Horse Feathers’ last record, House With No Home, was very much a winter record. The thinned-out frosty compositions, the chilly melancholy, even the cover art all showed off a band who played beautifully and insistently, even as they could see their own breath. Thistled Spring contains nearly the same elements—string-driven folk songs, sweetly hushed vocals, spare, if any, percussion—and yet it gives us a much warmer sound. This is, as the title implies, the sound of rebirth. But how did they manage this shift with the same pieces in place?


One answer comes in an addition to the recording team. Touring multi-instrumentalist Sam Cooper joins the trio on this record, and while he doesn’t change the make-up of these songs, he does add a lush warmth to them. The simmering piano on the title track fills it out beautifully, even as singer Justin Ringle trails his words back to the last album, singing of a “house that’s a tomb”. Later on, Banjo plinks lightly over the low roll of Ringle’s guitar on “Vernonia Blues”, giving off a livelier sound than anything on House With No Home. In other spots, Cooper spins guitar lines around Ringle, or weaves tiny, precise sounds through the haze of strings floated out there by Nathan Crockett and Catherine Odell. This combination, the playful and sharp amid all the blurry wandering, proves an affecting mix, one that feels more built-up, more expansive and intricate than the band’s previous work.

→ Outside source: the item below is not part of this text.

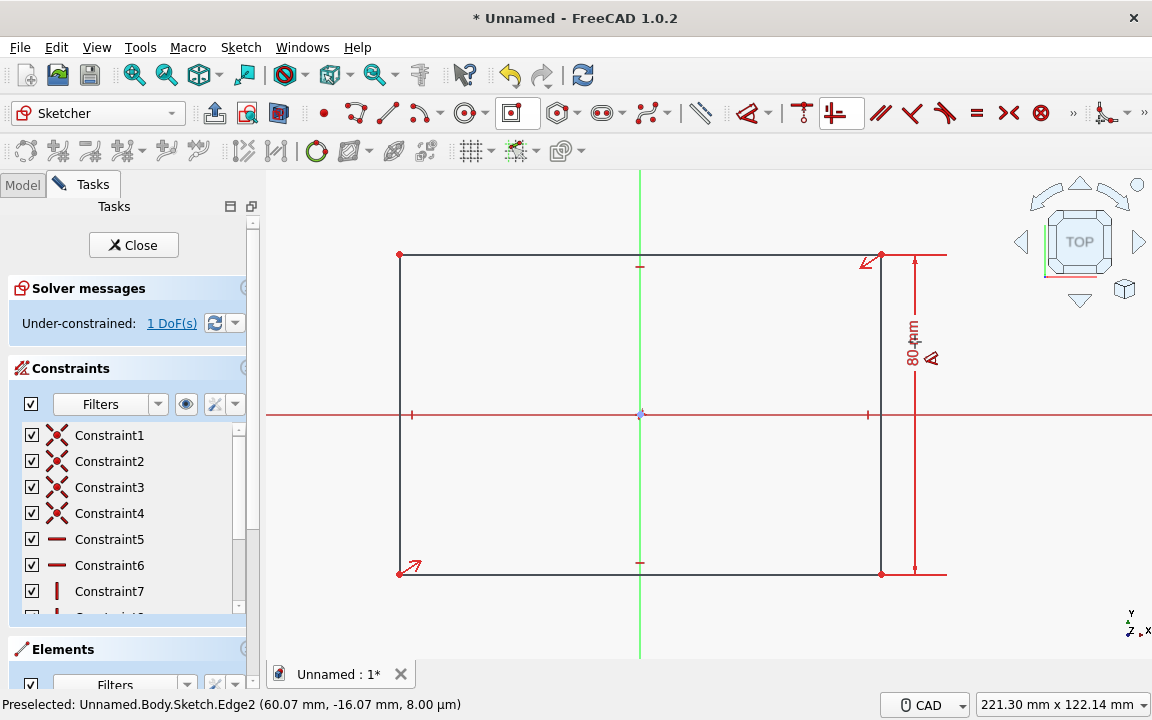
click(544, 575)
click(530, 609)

On top of that, Ringle’s singing is in top form. He’s still got an unassuming hush to that curling voice, but with a thicker foundation, he pushes himself a little bit, earning a new hopeful emotion by pulling every bit of feeling out of each phrase, each word, each syllable. He’s not totally belting it out here, but there’s just a bit more body to his singing. He’s up in the mix, and responds to the spotlight with a voice of surprising strength. The way he reaches up with each line on “The Drought” shows a pleading desperation, while the way he cuts and staggers lines on “Belly of June” shows off a newfound hope, an insistence to press on.


Horse Feathers press on because, even in the warmth and new growth of the record, there are wounds to heal. The heartache and pain Ringle has always sung about is here, but on Thistled Spring it all feels more bedded down in the past. The reach of that hurt, its ability to haunt, is stilted as they move on to fresh starts. “Come to me like a lover,” Ringle sings at one point, not in pining want to a former beau, but to a new someone, someone he’s in those exciting brand-new days with.


Even when things are at their most bleak—Ringle closes “The Drought” singing, “There’s no reason to try” as the sky refuses to rain—the band is just setting up a rebirth to come. House With No Home was a comfort because its melancholy was beautiful, but also relatable. There’s something cathartic in seeing another’s isolation. Thistled Spring, however, is bracing because it refuses to wallow anymore. It recognizes all the past’s ache, and gives it a sound, but the album turns itself over to hope in the end. The last line of the record—“At winter’s end, you may come back to life”—sums it all up perfectly, that nod to the dark past, that insistent hope for the brighter future, which—now three excellent albums in—looks to be where Horse Feathers are headed.